→ YOUR TASK: Copy verbatim the block of lines in the entries below whose first line contains "Numbers: x, y, z, sx, sy, sz, roll, pitch, yaw." and whose last line contains "19. board game box at [376, 33, 643, 346]". Leave out all other lines.

→ DATA SHOWN:
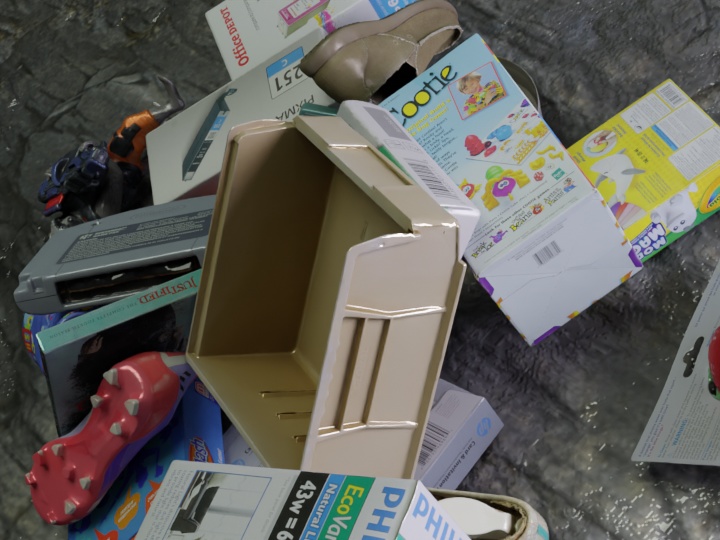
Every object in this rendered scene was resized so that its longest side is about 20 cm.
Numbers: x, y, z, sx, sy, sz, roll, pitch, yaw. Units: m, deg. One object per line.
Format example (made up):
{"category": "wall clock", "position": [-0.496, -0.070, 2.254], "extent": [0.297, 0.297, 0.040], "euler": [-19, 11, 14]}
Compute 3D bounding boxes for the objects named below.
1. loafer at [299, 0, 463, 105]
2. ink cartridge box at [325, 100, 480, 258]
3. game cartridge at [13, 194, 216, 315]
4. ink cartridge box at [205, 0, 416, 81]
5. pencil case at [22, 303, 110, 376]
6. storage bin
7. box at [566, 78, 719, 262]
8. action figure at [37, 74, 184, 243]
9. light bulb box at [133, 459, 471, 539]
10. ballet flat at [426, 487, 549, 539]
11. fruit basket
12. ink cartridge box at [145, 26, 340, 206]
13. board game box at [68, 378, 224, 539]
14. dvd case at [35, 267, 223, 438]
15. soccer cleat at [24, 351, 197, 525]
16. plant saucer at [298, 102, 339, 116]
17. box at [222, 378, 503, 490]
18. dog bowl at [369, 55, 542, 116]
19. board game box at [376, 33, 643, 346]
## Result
{"category": "loafer", "position": [0.025, -0.178, 1.398], "extent": [0.076, 0.068, 0.199], "euler": [-34, -5, 43]}
{"category": "ink cartridge box", "position": [0.000, 0.000, 1.205], "extent": [0.161, 0.050, 0.201], "euler": [51, 124, 48]}
{"category": "game cartridge", "position": [-0.173, -0.018, 1.352], "extent": [0.198, 0.042, 0.133], "euler": [-10, 17, 14]}
{"category": "ink cartridge box", "position": [-0.040, -0.241, 1.602], "extent": [0.199, 0.085, 0.145], "euler": [-33, 39, 6]}
{"category": "pencil case", "position": [-0.239, 0.058, 1.402], "extent": [0.200, 0.077, 0.088], "euler": [-167, 81, -71]}
{"category": "storage bin", "position": [-0.028, 0.019, 1.125], "extent": [0.093, 0.200, 0.200], "euler": [0, 26, -28]}
{"category": "box", "position": [0.192, -0.052, 1.275], "extent": [0.199, 0.048, 0.118], "euler": [-33, 40, 1]}
{"category": "action figure", "position": [-0.232, -0.093, 1.588], "extent": [0.194, 0.104, 0.200], "euler": [-54, 17, -13]}
{"category": "light bulb box", "position": [-0.019, 0.226, 1.035], "extent": [0.199, 0.198, 0.125], "euler": [-1, 53, 37]}
{"category": "ballet flat", "position": [0.029, 0.167, 1.117], "extent": [0.198, 0.062, 0.068], "euler": [0, 65, 12]}
{"category": "fruit basket", "position": [0.292, 0.058, 1.079], "extent": [0.199, 0.094, 0.186], "euler": [-10, 43, 51]}
{"category": "ink cartridge box", "position": [-0.089, -0.091, 1.417], "extent": [0.199, 0.045, 0.177], "euler": [-30, 50, 19]}
{"category": "board game box", "position": [-0.164, 0.198, 1.255], "extent": [0.152, 0.045, 0.201], "euler": [-43, 35, 25]}
{"category": "dvd case", "position": [-0.173, 0.077, 1.276], "extent": [0.145, 0.200, 0.022], "euler": [-22, 65, -17]}
{"category": "soccer cleat", "position": [-0.191, 0.131, 1.262], "extent": [0.067, 0.076, 0.200], "euler": [54, 131, 19]}
{"category": "plant saucer", "position": [-0.041, -0.037, 1.359], "extent": [0.069, 0.019, 0.202], "euler": [12, 90, 25]}
{"category": "box", "position": [-0.011, 0.133, 1.245], "extent": [0.199, 0.041, 0.156], "euler": [22, 67, 46]}
{"category": "dog bowl", "position": [0.070, -0.092, 1.394], "extent": [0.199, 0.059, 0.201], "euler": [-20, 41, 19]}
{"category": "board game box", "position": [0.106, -0.062, 1.222], "extent": [0.105, 0.103, 0.201], "euler": [-35, 47, 6]}

→ TASK OUTPUT:
Numbers: x, y, z, sx, sy, sz, roll, pitch, yaw. Units: m, deg. One object per line.
Format example (made up):
{"category": "wall clock", "position": [-0.496, -0.070, 2.254], "extent": [0.297, 0.297, 0.040], "euler": [-19, 11, 14]}
Compute 3D bounding boxes for the objects named below.
1. loafer at [299, 0, 463, 105]
2. ink cartridge box at [325, 100, 480, 258]
3. game cartridge at [13, 194, 216, 315]
4. ink cartridge box at [205, 0, 416, 81]
5. pencil case at [22, 303, 110, 376]
6. storage bin
7. box at [566, 78, 719, 262]
8. action figure at [37, 74, 184, 243]
9. light bulb box at [133, 459, 471, 539]
10. ballet flat at [426, 487, 549, 539]
11. fruit basket
12. ink cartridge box at [145, 26, 340, 206]
13. board game box at [68, 378, 224, 539]
14. dvd case at [35, 267, 223, 438]
15. soccer cleat at [24, 351, 197, 525]
16. plant saucer at [298, 102, 339, 116]
17. box at [222, 378, 503, 490]
18. dog bowl at [369, 55, 542, 116]
19. board game box at [376, 33, 643, 346]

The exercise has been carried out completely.